--- START ---
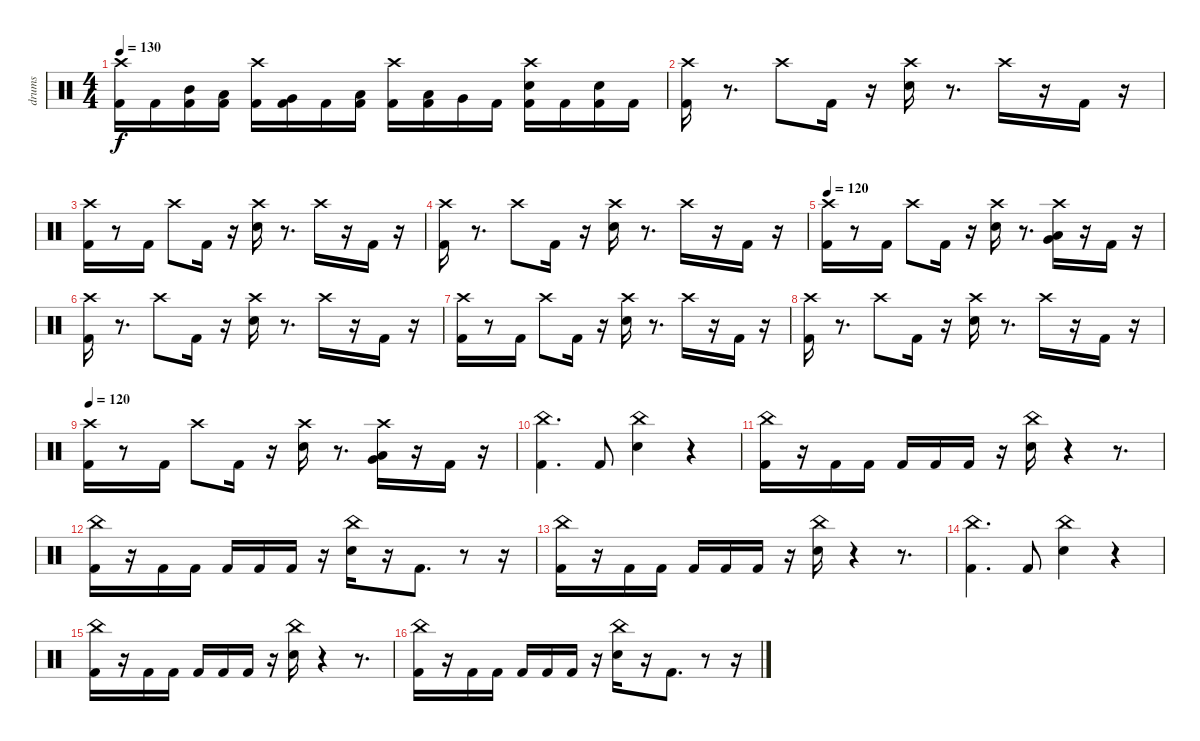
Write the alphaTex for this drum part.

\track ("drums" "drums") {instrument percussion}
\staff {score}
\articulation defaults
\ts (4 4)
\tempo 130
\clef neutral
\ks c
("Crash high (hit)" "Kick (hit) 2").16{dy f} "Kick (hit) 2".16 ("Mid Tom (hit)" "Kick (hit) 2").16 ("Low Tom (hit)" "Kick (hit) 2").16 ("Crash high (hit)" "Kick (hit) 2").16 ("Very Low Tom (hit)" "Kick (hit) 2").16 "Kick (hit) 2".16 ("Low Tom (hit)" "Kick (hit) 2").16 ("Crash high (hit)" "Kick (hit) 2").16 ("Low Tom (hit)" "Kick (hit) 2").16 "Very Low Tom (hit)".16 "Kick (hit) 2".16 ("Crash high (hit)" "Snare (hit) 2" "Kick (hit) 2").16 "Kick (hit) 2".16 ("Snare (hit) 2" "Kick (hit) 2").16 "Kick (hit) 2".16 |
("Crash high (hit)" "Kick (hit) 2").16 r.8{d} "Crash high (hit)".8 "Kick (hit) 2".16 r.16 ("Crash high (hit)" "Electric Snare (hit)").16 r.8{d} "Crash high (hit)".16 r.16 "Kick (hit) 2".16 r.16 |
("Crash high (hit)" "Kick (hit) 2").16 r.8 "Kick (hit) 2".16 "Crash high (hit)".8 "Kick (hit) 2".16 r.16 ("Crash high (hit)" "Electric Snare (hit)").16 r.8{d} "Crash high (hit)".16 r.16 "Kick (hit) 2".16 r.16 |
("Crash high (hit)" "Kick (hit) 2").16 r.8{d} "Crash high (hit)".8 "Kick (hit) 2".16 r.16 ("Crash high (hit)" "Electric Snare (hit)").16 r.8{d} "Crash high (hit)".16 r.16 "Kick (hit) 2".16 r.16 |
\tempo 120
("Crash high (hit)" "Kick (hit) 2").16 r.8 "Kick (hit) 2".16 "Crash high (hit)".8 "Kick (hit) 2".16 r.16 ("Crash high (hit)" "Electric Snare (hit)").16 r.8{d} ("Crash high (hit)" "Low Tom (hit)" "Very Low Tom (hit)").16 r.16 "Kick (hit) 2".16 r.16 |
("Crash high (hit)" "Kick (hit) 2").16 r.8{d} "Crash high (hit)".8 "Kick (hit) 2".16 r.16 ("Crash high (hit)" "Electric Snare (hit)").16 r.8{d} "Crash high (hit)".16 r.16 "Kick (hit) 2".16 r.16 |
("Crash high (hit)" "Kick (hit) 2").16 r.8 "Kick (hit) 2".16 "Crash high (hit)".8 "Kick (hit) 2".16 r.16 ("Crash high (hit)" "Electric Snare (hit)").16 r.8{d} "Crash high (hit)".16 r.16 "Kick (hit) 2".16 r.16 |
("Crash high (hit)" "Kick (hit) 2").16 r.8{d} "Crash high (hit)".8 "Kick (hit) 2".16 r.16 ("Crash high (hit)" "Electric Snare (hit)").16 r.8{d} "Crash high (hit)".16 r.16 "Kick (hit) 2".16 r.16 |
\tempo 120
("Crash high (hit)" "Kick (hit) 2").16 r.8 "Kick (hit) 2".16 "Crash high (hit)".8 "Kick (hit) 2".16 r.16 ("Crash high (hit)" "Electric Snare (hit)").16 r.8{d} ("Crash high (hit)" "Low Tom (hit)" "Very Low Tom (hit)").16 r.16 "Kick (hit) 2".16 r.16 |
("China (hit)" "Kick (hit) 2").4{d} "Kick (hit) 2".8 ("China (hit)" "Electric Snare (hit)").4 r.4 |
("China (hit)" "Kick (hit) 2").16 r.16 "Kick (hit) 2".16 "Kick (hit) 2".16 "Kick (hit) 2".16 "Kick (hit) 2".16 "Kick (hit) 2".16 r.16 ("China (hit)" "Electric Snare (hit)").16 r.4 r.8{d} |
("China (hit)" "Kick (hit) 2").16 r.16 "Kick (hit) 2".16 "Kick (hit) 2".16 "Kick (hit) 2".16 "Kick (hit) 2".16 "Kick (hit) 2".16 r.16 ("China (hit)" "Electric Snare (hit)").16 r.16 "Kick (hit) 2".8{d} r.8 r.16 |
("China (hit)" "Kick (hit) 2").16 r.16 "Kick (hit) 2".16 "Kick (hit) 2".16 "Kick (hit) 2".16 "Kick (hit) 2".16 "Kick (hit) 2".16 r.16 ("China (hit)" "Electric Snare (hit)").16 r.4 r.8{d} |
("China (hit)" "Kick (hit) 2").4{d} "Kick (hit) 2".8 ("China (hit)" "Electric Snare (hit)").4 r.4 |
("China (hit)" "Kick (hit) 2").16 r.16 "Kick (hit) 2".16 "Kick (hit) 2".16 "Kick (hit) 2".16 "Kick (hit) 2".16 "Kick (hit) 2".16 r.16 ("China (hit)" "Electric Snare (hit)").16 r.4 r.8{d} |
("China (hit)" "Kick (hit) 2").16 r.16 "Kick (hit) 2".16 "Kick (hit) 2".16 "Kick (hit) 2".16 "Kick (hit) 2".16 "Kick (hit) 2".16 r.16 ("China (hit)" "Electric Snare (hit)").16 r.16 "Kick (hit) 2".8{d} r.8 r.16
--- END ---
--- START ---
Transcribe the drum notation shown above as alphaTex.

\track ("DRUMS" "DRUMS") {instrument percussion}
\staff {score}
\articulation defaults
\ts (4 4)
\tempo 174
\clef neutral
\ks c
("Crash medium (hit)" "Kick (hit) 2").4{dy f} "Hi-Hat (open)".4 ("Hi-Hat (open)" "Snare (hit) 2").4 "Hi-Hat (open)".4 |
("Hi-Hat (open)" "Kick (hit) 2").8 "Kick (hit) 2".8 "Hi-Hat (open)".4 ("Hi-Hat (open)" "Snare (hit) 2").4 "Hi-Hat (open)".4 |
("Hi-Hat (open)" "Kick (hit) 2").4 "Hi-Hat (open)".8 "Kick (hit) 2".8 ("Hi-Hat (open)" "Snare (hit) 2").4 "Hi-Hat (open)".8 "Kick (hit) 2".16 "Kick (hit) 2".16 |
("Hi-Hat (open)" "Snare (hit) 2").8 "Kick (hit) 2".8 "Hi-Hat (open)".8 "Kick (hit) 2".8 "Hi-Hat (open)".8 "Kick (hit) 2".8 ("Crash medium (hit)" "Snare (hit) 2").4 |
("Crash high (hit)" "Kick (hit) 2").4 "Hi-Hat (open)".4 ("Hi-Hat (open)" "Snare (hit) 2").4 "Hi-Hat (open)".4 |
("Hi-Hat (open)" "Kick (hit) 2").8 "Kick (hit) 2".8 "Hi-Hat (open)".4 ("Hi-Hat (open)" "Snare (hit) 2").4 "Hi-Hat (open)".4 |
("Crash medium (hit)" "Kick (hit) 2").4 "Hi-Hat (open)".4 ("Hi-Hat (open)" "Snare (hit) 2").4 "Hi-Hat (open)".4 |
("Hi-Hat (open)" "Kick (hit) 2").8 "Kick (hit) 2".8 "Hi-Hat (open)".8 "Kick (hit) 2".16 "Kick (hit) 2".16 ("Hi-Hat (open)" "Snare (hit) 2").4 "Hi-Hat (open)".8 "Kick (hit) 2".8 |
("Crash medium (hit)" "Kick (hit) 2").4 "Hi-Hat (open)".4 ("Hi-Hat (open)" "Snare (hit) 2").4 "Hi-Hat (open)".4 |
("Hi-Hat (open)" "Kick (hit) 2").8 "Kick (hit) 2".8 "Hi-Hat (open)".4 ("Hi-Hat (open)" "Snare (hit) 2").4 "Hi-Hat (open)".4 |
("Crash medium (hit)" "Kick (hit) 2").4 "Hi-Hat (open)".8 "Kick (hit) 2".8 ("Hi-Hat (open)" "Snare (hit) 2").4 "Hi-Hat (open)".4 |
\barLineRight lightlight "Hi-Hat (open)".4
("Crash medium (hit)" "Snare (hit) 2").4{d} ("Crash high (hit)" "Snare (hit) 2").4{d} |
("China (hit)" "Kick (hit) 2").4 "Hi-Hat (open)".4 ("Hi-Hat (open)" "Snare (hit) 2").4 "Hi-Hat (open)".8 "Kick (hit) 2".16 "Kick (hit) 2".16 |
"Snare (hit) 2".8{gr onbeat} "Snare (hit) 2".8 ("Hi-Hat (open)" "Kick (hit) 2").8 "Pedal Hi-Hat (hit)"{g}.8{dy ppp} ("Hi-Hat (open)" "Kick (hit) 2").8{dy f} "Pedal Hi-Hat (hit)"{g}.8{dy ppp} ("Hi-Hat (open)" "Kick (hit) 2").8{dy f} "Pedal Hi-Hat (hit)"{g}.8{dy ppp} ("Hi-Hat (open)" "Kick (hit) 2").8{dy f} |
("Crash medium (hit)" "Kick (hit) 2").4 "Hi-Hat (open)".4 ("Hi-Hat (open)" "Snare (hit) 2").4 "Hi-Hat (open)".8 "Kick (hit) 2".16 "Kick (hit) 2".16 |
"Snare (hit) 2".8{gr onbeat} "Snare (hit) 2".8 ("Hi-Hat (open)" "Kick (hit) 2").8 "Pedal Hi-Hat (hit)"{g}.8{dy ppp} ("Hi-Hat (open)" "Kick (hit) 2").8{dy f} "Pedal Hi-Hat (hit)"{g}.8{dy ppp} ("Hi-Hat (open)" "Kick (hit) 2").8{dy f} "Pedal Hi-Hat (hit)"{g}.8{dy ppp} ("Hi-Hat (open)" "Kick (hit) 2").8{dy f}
--- END ---
> Task prompt
Copy out each line of the entries where the word "alphaTex" is found.

> Solved problem
Write the alphaTex for this drum part.
Transcribe the drum notation shown above as alphaTex.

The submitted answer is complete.